----- Provided entries -----
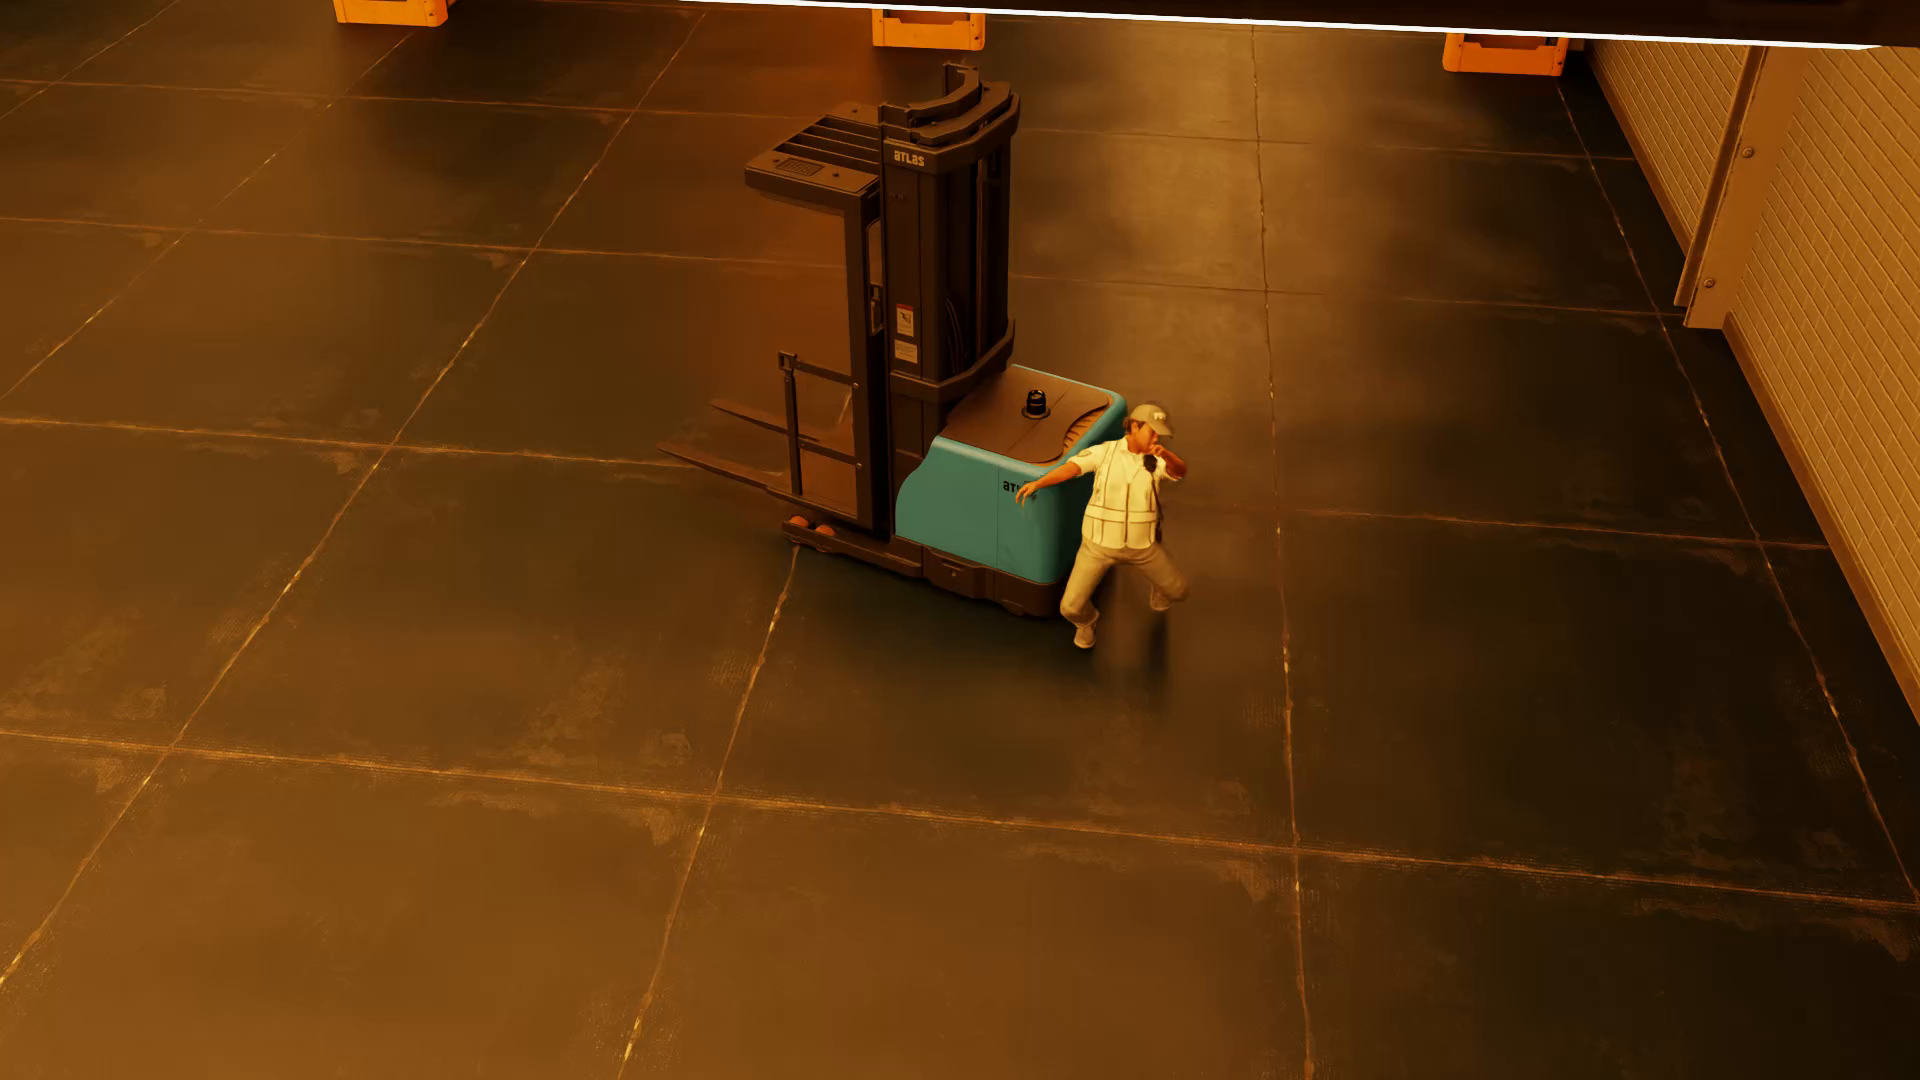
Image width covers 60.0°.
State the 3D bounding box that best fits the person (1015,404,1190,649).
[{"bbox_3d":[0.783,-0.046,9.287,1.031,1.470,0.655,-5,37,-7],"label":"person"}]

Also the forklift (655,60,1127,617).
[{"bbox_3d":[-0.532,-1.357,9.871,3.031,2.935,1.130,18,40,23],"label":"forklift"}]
-----
----- Provided entries -----
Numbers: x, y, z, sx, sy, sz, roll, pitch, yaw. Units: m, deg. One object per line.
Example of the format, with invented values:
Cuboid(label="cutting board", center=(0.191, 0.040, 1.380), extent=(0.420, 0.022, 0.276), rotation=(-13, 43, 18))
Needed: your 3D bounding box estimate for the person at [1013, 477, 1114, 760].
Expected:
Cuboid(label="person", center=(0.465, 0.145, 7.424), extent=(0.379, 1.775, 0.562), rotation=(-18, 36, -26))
-----
▶ [How to complete this task]: Output exactly one stretch of the listing: from the line containing "Example of the" through the line containing "Needed: your 3D", both end lines included.

▶ [Solution for this exercise]:
Example of the format, with invented values:
Cuboid(label="cutting board", center=(0.191, 0.040, 1.380), extent=(0.420, 0.022, 0.276), rotation=(-13, 43, 18))
Needed: your 3D bounding box estimate for the person at [1013, 477, 1114, 760].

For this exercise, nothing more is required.